What this connects to
- CDN. A CDN is itself a hot edge tier in front of warmer origin storage. See CDN.
- Time-series databases. Native tiering by time. See Time-series databases.
- OLTP vs OLAP. Warehouses use tiered storage internally. See OLTP vs OLAP.
- Replication vs backup. Backups are usually cold-tier; replicas are hot. See Replication vs backup.
- Disaster recovery. RTO determines how cold your backups can be. See Disaster recovery: RTO vs RPO.
Common mistakes
- Keeping everything hot. Bills scale linearly with retention; the trick is that you do not pay 10x for 10x-old data if you tier.
- Cold storage for queryable data. Retrieval fees add up; sometimes hot is cheaper than cold + frequent retrieval.
- Forgetting minimum durations. Cool and cold tiers often charge for a minimum retention period; deleting early costs the full duration anyway.
- No deletion policy.
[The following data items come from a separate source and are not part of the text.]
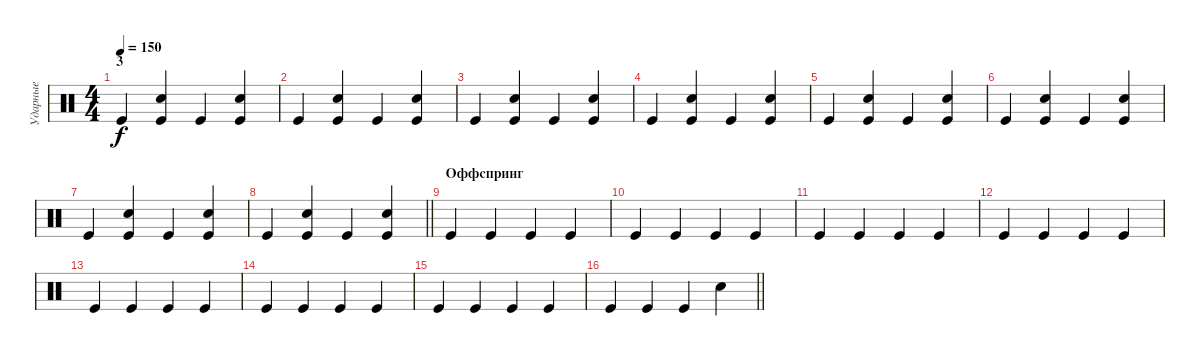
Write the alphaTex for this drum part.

\track ("Ударные" "Ударные") {instrument percussion}
\staff {score}
\articulation defaults
\ts (4 4)
\section ("" "3")
\tempo 150
\clef neutral
\ks c "Kick (hit)".4{dy f}
("Kick (hit)" "Snare (hit) 2").4 "Kick (hit)".4 ("Kick (hit)" "Snare (hit) 2").4 |
"Kick (hit)".4 ("Kick (hit)" "Snare (hit) 2").4 "Kick (hit)".4 ("Kick (hit)" "Snare (hit) 2").4 |
"Kick (hit)".4 ("Kick (hit)" "Snare (hit) 2").4 "Kick (hit)".4 ("Kick (hit)" "Snare (hit) 2").4 |
"Kick (hit)".4 ("Kick (hit)" "Snare (hit) 2").4 "Kick (hit)".4 ("Kick (hit)" "Snare (hit) 2").4 |
"Kick (hit)".4 ("Kick (hit)" "Snare (hit) 2").4 "Kick (hit)".4 ("Kick (hit)" "Snare (hit) 2").4 |
"Kick (hit)".4 ("Kick (hit)" "Snare (hit) 2").4 "Kick (hit)".4 ("Kick (hit)" "Snare (hit) 2").4 |
"Kick (hit)".4 ("Kick (hit)" "Snare (hit) 2").4 "Kick (hit)".4 ("Kick (hit)" "Snare (hit) 2").4 |
\barLineRight lightlight "Kick (hit)".4
("Kick (hit)" "Snare (hit) 2").4 "Kick (hit)".4 ("Kick (hit)" "Snare (hit) 2").4 |
\section ("" "Оффспринг")
"Kick (hit)".4 "Kick (hit)".4 "Kick (hit)".4 "Kick (hit)".4 |
"Kick (hit)".4 "Kick (hit)".4 "Kick (hit)".4 "Kick (hit)".4 |
"Kick (hit)".4 "Kick (hit)".4 "Kick (hit)".4 "Kick (hit)".4 |
"Kick (hit)".4 "Kick (hit)".4 "Kick (hit)".4 "Kick (hit)".4 |
"Kick (hit)".4 "Kick (hit)".4 "Kick (hit)".4 "Kick (hit)".4 |
"Kick (hit)".4 "Kick (hit)".4 "Kick (hit)".4 "Kick (hit)".4 |
"Kick (hit)".4 "Kick (hit)".4 "Kick (hit)".4 "Kick (hit)".4 |
\barLineRight lightlight "Kick (hit)".4 "Kick (hit)".4 "Kick (hit)".4 "Snare (hit) 2".4

Some data should not live forever. Set retention even on warm tiers.
- Manual archiving. Lifecycle policies do this for free. Stop writing cron jobs for it.
- Assuming cold is instant. Glacier Deep Archive takes 12-48 hours. If a regulator gives you 24 hours to produce records, deep archive is the wrong tier.
Quick recap
- Storage tiers trade cost for first-byte latency.
- Hot for live queries, warm for occasional reads, cold for archive, deep cold for rarely-touched compliance.
- Cost gap is 100x to 300x between hot SSD and deep archive.
- Use lifecycle policies; let the platform move data for you.
- The right time to set retention is the day you start writing data.
This concept sits in Stage 4 (Scaling and reliability) of the System Design Roadmap.